__TASK DESCRIPTION__. Using the word "view" as the filter, copy each matching line from the records.

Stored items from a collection
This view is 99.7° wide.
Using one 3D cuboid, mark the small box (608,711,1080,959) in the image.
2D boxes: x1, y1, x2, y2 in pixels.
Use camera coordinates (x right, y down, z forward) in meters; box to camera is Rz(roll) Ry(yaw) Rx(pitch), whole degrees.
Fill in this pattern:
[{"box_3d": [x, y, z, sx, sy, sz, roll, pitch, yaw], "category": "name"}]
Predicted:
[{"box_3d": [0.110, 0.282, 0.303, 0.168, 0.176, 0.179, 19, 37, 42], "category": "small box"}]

...

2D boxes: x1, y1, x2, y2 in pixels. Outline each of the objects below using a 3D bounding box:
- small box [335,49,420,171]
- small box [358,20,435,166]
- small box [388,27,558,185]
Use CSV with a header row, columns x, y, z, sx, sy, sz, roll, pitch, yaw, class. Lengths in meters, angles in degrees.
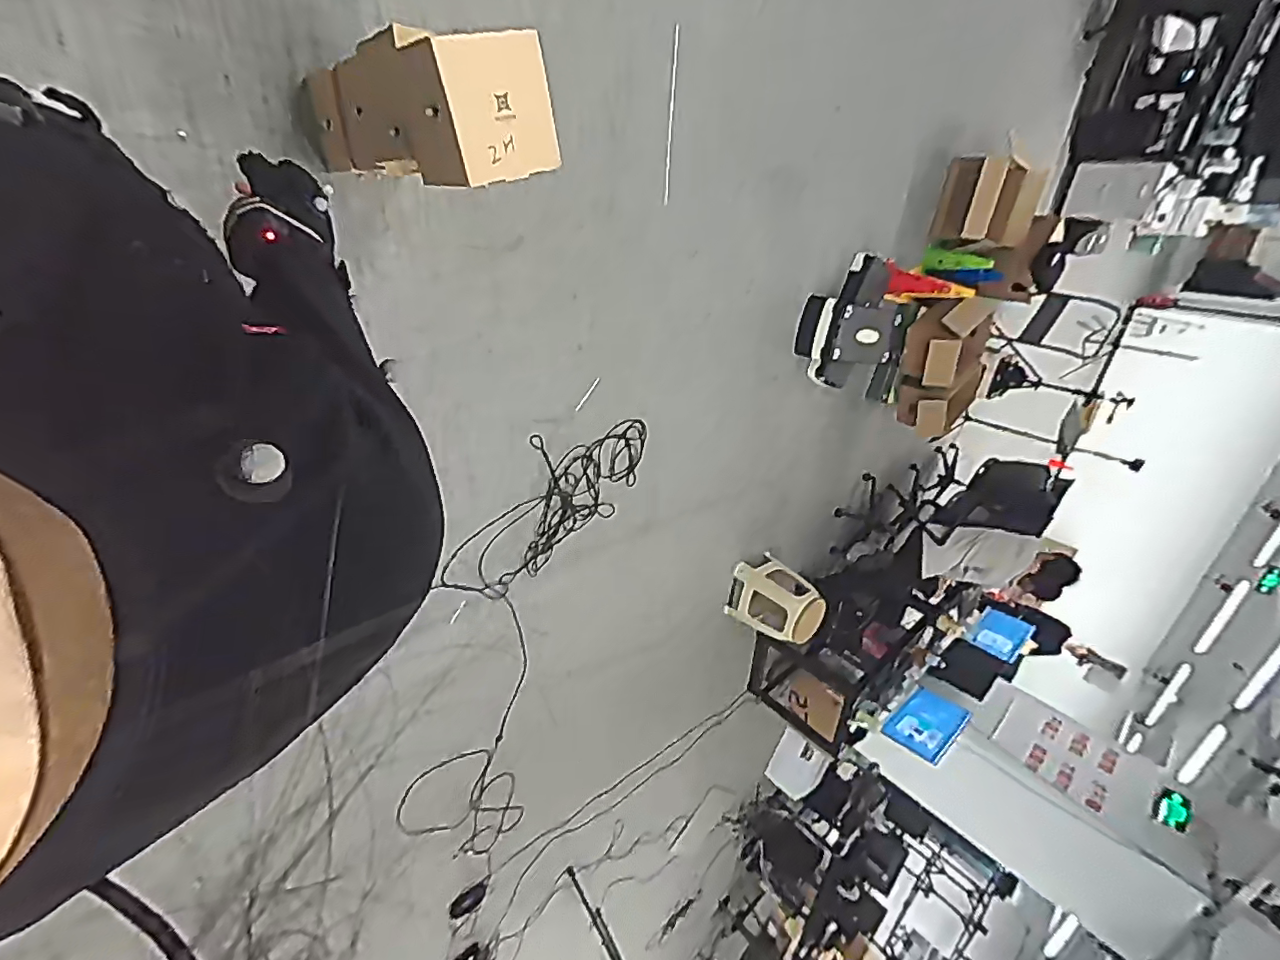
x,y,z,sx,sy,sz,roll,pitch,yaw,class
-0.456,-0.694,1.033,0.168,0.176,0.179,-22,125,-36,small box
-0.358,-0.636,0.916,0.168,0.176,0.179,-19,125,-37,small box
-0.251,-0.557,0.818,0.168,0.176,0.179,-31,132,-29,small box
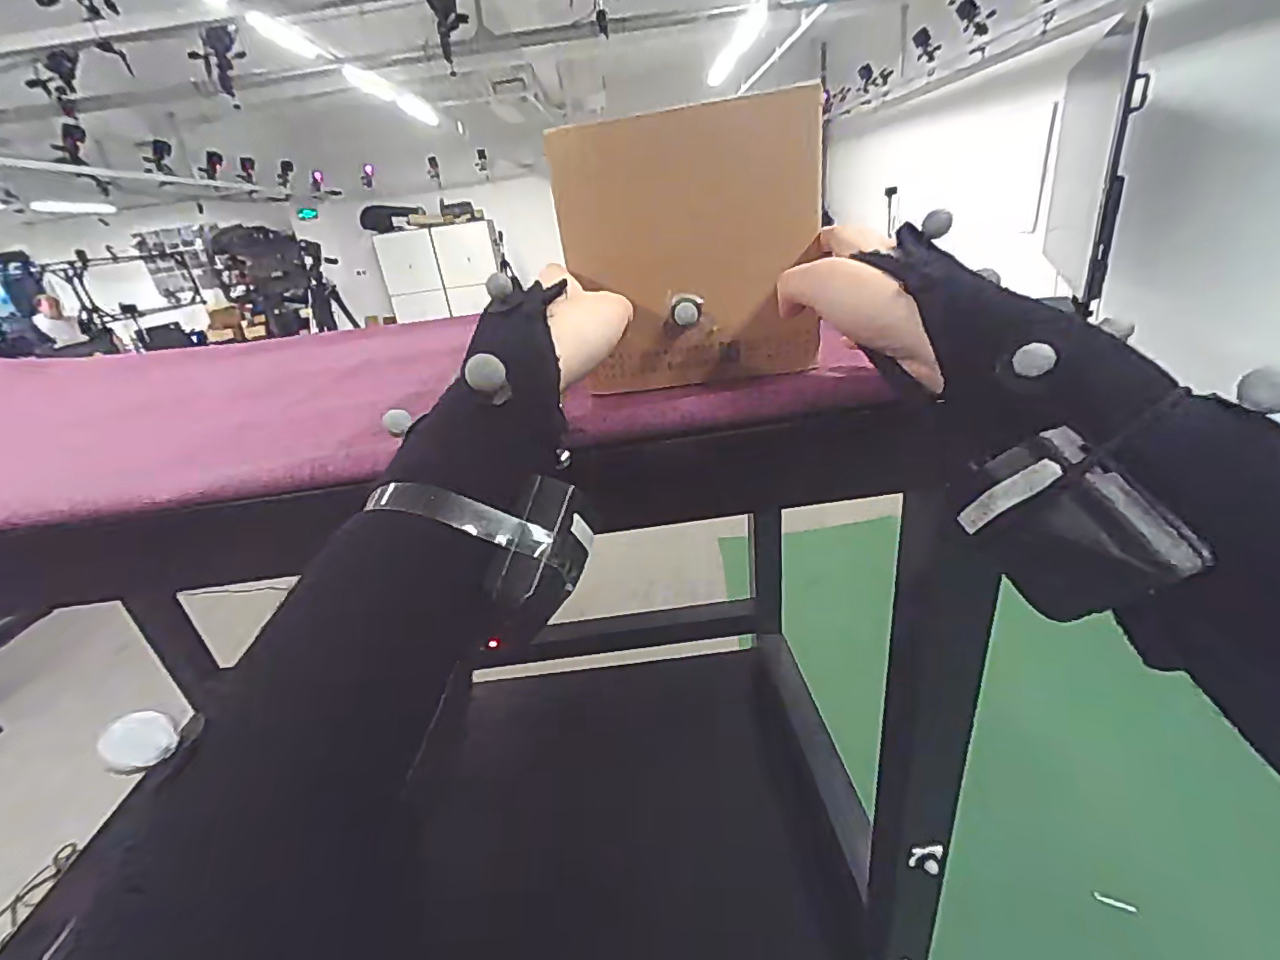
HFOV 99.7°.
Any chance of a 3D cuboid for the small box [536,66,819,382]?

---

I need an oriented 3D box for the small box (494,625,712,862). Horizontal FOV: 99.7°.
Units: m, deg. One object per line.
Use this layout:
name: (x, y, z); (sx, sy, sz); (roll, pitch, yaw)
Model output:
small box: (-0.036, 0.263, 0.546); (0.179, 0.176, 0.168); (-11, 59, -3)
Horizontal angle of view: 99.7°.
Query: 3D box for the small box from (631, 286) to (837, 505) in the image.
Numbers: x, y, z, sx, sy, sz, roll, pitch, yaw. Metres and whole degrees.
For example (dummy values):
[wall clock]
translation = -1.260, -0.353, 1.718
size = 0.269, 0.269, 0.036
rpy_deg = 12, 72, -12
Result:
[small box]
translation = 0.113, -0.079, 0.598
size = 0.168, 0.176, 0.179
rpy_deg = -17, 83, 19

__RESULT__.
This view is 99.7° wide.
Horizontal angle of view: 99.7°.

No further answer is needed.